> _PROVIDED INFORMATION_
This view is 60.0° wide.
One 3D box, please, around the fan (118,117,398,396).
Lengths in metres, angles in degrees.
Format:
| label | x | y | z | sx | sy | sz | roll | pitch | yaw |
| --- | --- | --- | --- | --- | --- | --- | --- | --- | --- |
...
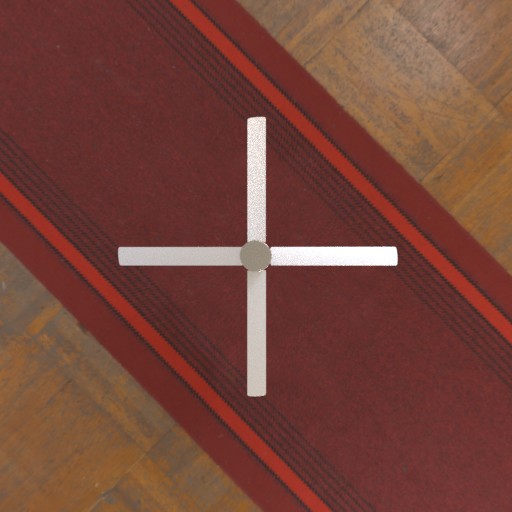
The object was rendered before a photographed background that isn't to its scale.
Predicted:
| label | x | y | z | sx | sy | sz | roll | pitch | yaw |
| --- | --- | --- | --- | --- | --- | --- | --- | --- | --- |
| fan | 0.000 | 0.000 | 1.990 | 1.322 | 0.355 | 1.322 | 0 | 89 | 2 |
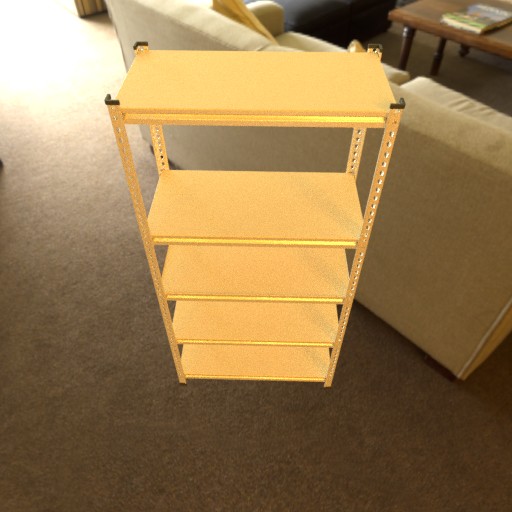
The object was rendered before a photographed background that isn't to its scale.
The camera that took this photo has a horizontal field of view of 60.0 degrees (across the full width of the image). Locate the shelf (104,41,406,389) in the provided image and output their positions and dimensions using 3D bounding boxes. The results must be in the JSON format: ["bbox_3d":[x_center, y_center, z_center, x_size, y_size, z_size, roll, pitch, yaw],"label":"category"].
[{"bbox_3d":[0.000,0.000,2.156,0.914,1.829,0.457,1,47,1],"label":"shelf"}]
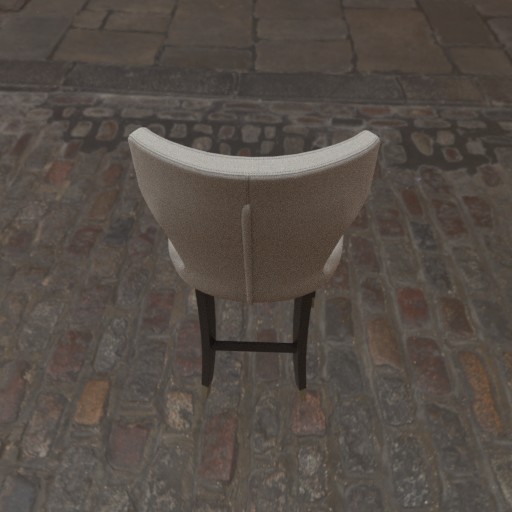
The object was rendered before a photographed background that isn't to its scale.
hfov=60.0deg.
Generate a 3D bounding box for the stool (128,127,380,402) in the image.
[{"bbox_3d":[0.000,0.000,1.390,0.526,1.092,0.563,2,48,1],"label":"stool"}]
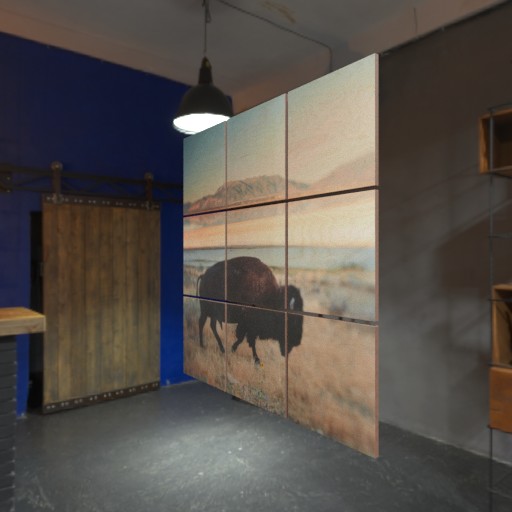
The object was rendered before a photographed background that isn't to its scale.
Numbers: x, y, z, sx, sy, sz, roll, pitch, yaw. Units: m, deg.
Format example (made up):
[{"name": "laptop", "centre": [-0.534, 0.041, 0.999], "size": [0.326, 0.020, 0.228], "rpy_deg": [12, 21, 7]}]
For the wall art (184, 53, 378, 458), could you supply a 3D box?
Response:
[{"name": "wall art", "centre": [0.000, 0.000, 1.355], "size": [0.018, 0.904, 0.906], "rpy_deg": [0, 0, -37]}]
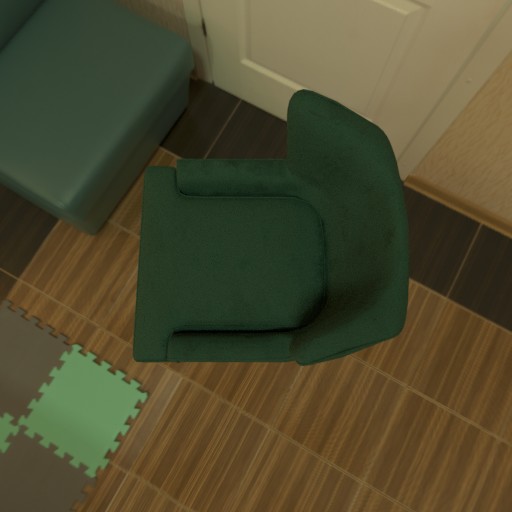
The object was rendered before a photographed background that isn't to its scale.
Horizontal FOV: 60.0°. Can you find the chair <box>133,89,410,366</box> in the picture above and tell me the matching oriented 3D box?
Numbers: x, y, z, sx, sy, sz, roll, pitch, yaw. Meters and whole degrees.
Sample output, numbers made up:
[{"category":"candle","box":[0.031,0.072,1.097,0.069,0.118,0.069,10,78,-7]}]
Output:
[{"category":"chair","box":[0.000,0.000,1.663,0.910,0.952,0.793,0,77,0]}]
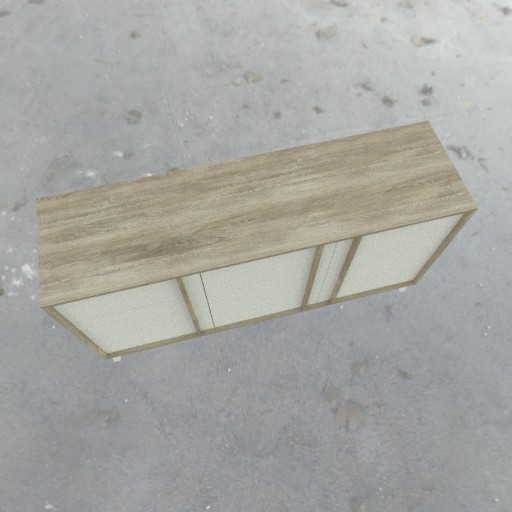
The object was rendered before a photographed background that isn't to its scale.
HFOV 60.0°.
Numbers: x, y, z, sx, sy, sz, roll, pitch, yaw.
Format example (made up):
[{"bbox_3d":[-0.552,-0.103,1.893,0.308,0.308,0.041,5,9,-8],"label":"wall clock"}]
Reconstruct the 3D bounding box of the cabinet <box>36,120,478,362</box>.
[{"bbox_3d":[0.000,0.000,2.053,1.600,0.870,0.450,-13,64,-6],"label":"cabinet"}]
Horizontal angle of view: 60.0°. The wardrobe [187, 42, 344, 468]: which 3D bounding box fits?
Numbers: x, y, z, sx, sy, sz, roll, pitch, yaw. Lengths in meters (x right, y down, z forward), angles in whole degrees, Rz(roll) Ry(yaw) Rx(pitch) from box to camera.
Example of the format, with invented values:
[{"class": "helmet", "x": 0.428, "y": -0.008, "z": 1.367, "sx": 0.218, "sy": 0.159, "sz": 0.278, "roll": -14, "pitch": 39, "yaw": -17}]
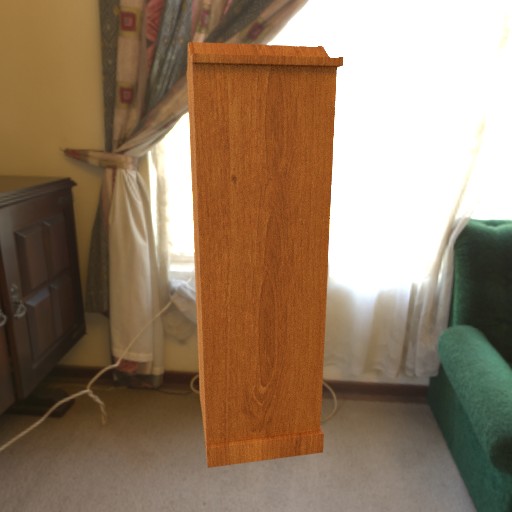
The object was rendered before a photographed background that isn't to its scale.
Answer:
[{"class": "wardrobe", "x": 0.000, "y": 0.000, "z": 2.141, "sx": 0.570, "sy": 1.870, "sz": 0.590, "roll": -3, "pitch": 17, "yaw": -10}]
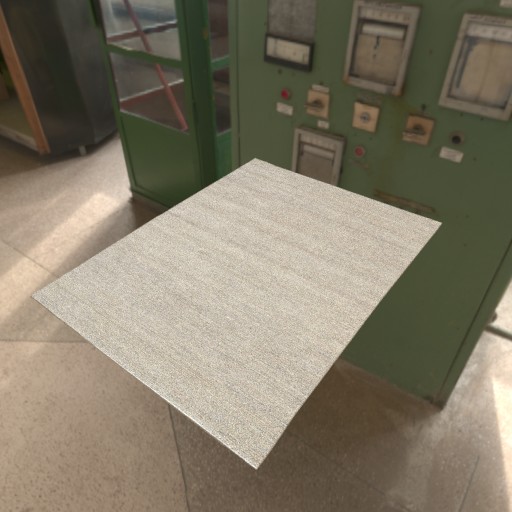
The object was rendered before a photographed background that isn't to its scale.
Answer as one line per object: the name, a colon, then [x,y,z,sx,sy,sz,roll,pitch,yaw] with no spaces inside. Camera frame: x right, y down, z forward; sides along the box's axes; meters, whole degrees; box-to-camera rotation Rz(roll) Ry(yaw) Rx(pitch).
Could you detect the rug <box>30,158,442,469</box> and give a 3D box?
rug: [0.000,0.000,4.746,2.757,0.051,3.626,26,46,28]
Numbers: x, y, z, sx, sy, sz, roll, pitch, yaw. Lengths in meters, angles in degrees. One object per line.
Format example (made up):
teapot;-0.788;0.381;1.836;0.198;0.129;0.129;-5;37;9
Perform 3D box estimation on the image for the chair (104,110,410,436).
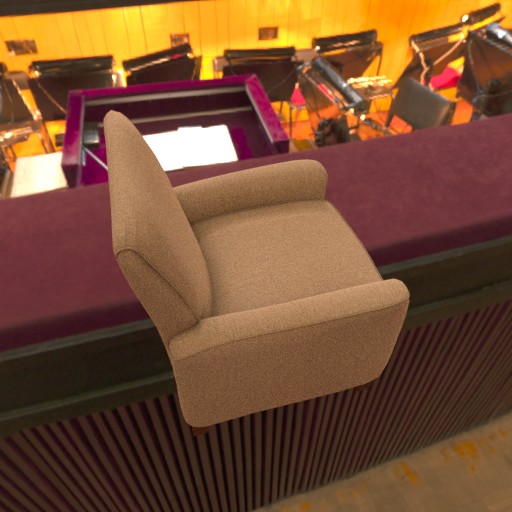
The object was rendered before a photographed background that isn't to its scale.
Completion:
chair;0.000;0.000;1.627;0.864;1.014;0.848;-11;46;-11
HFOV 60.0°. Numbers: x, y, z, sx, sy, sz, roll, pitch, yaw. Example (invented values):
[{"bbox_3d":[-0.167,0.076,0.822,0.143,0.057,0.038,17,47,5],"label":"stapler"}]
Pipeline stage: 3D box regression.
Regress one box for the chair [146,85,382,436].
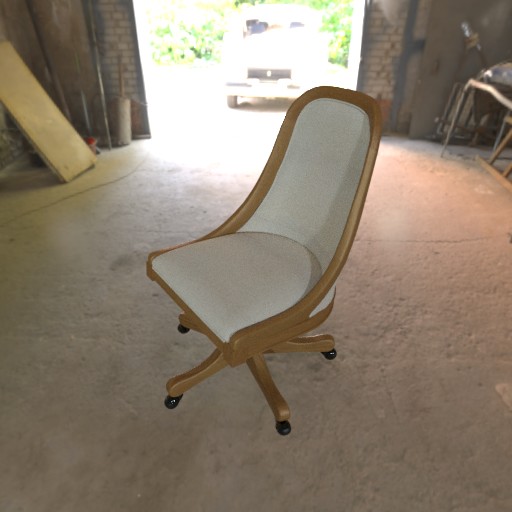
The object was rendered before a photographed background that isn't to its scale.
[{"bbox_3d":[0.000,0.000,1.534,0.811,1.009,0.702,-22,38,-30],"label":"chair"}]
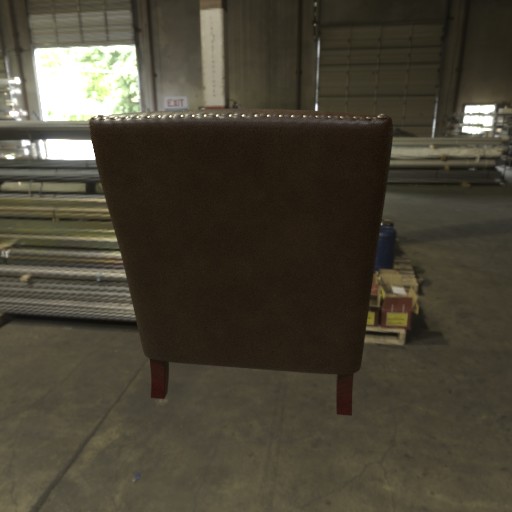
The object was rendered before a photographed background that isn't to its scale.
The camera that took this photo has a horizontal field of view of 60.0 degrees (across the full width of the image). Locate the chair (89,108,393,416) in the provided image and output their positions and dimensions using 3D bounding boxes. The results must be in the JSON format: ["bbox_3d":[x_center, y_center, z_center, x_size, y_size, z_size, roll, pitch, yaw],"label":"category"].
[{"bbox_3d":[0.000,0.000,1.310,0.639,0.813,0.704,2,17,8],"label":"chair"}]
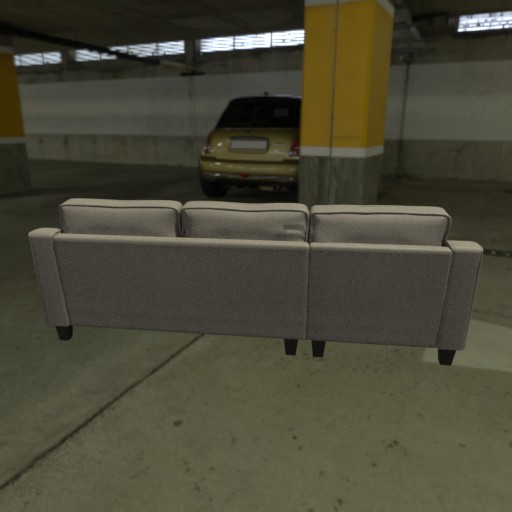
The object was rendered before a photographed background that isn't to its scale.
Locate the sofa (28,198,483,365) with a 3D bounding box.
[{"bbox_3d":[0.000,0.000,3.145,2.561,0.928,1.294,2,17,7],"label":"sofa"}]
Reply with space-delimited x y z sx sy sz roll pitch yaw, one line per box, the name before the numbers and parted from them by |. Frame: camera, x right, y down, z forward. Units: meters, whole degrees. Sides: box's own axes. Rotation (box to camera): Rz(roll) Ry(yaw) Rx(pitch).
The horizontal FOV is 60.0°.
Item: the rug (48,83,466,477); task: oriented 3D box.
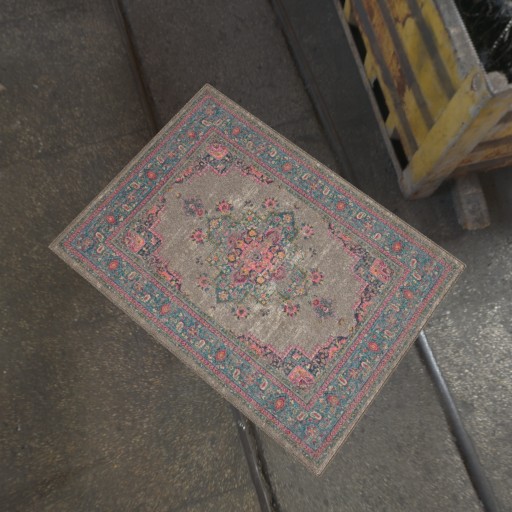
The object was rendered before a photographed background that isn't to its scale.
rug | 0.000 0.000 2.888 2.214 0.013 1.609 38 78 10
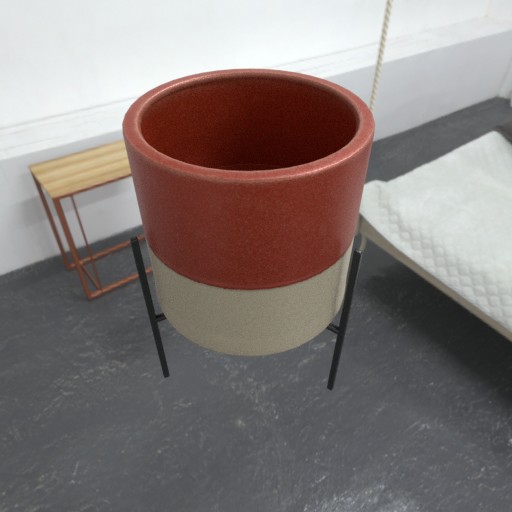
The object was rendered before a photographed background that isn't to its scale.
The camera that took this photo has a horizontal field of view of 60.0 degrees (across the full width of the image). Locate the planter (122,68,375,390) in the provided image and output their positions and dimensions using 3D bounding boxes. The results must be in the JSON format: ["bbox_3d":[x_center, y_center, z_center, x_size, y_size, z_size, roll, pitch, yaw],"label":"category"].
[{"bbox_3d":[0.000,0.000,0.529,0.251,0.354,0.235,26,48,26],"label":"planter"}]
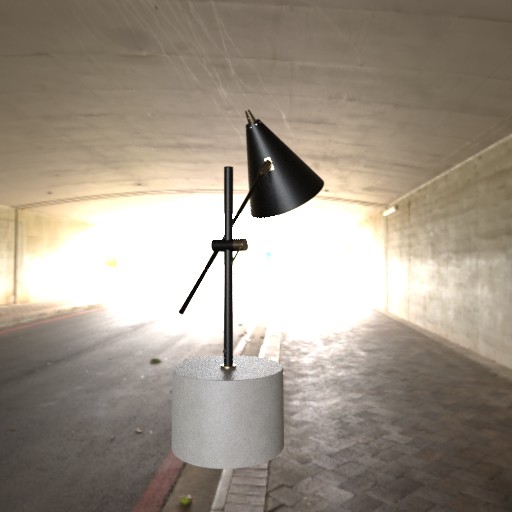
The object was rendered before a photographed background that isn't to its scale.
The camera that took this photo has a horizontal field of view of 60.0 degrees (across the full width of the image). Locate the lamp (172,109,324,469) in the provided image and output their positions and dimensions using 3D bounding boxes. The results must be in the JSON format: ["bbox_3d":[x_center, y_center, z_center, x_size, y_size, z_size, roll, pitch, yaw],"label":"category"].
[{"bbox_3d":[0.000,0.000,0.715,0.214,0.518,0.403,-1,-1,36],"label":"lamp"}]
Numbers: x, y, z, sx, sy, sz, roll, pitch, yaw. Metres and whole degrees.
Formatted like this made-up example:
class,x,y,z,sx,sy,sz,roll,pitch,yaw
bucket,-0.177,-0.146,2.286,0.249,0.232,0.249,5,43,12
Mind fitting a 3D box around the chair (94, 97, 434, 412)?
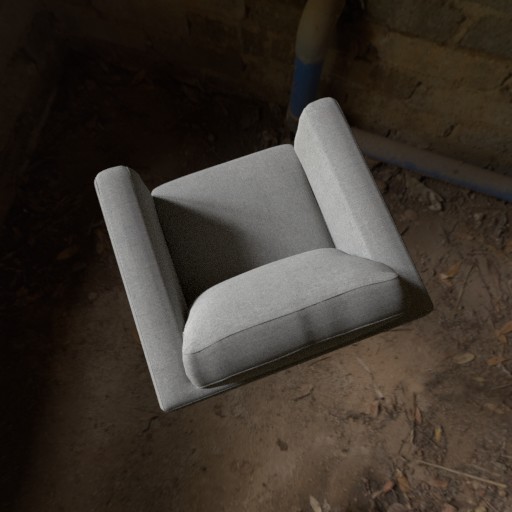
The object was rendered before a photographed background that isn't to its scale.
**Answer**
class,x,y,z,sx,sy,sz,roll,pitch,yaw
chair,0.000,0.000,1.581,0.855,0.927,0.800,-20,77,-5
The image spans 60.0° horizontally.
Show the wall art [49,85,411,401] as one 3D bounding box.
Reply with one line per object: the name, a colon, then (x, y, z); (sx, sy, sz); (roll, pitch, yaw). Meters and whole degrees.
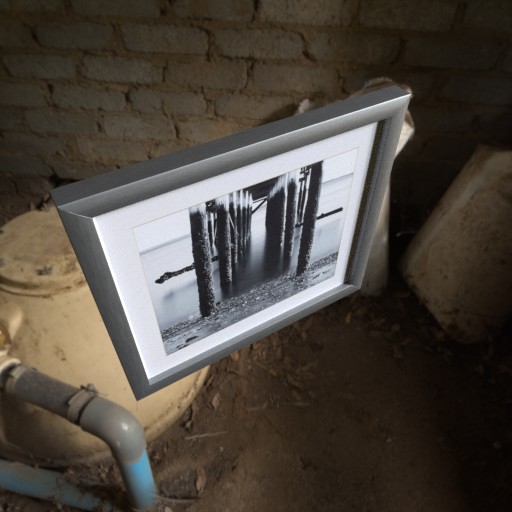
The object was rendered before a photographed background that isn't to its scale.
wall art: (0.000, 0.000, 0.542); (0.380, 0.330, 0.028); (-23, 50, -21)
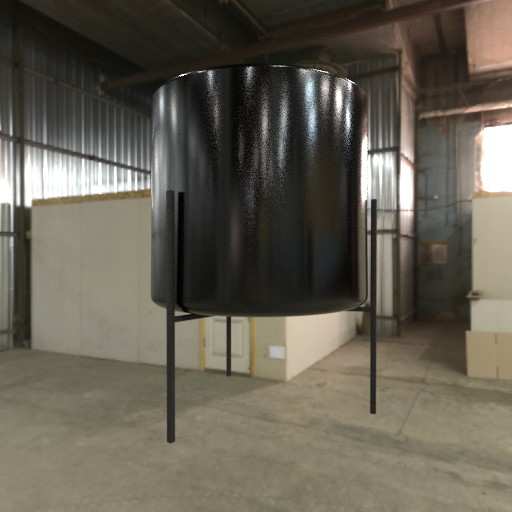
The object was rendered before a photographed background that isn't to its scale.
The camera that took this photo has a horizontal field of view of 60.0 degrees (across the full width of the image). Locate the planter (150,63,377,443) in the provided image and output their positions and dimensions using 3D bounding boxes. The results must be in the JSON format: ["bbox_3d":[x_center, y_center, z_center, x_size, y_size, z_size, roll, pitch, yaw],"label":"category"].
[{"bbox_3d":[0.000,0.000,0.637,0.310,0.432,0.310,-1,1,-34],"label":"planter"}]
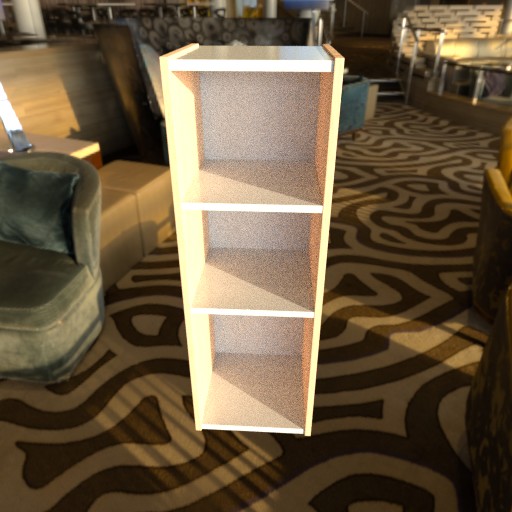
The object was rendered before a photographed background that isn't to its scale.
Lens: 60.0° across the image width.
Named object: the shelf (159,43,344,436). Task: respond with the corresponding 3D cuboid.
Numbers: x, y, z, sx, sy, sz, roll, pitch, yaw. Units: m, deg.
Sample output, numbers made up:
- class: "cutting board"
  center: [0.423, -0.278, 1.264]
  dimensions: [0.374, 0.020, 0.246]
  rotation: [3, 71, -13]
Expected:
- class: "shelf"
  center: [0.000, 0.000, 1.063]
  dimensions: [0.300, 0.900, 0.290]
  rotation: [2, 30, 3]
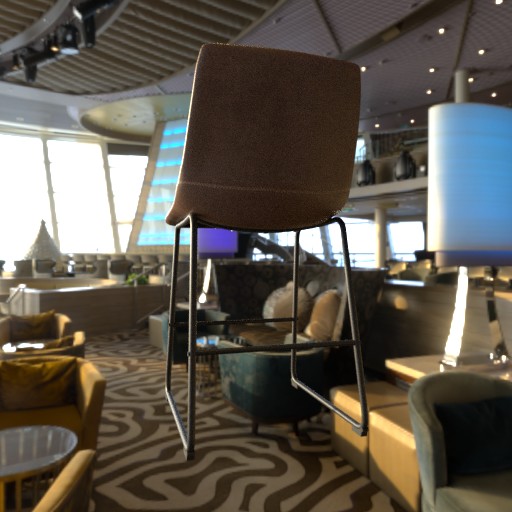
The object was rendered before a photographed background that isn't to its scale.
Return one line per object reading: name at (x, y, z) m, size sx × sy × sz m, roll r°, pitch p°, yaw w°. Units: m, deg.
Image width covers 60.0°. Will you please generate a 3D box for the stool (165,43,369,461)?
stool at (0.000, 0.000, 1.211) m, size 0.460 × 0.890 × 0.550 m, roll 0°, pitch 0°, yaw -17°
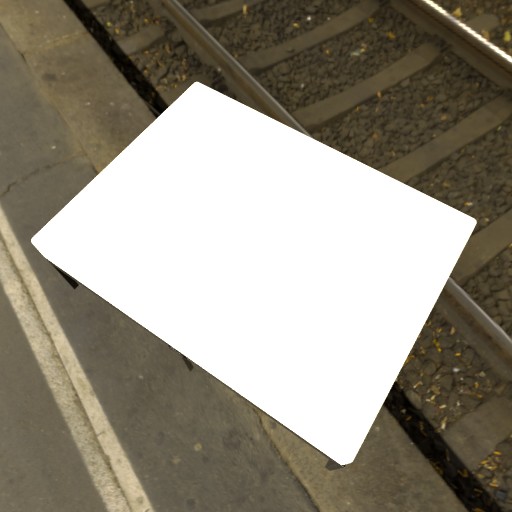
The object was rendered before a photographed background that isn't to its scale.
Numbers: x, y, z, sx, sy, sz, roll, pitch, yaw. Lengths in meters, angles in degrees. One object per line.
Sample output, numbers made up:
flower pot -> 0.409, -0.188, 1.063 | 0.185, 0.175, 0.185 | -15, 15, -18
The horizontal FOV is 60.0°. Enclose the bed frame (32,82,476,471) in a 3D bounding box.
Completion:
bed frame -> 0.000, 0.000, 2.799 | 2.072, 0.659, 1.557 | 31, 67, 15

> _PROBLEM DETAILS_
Copy out, from the listing above, every line that contains the string "Lengths".

> _RESPONSE TO THE TASK_
Lengths in metres, angles in degrees.
Numbers: x, y, z, sx, sy, sz, roll, pitch, yaw. Lengths in meters (x right, y down, z forward), angles in whole degrees, Rz(roll) Ry(yaw) Rx(pitch) from box to camera.
Numbers: x, y, z, sx, sy, sz, roll, pitch, yaw. Lengths in meters, angles in degrees. One object per line.
Numbers: x, y, z, sx, sy, sz, roll, pitch, yaw. Lengths in meters, angles in degrees. One object per line.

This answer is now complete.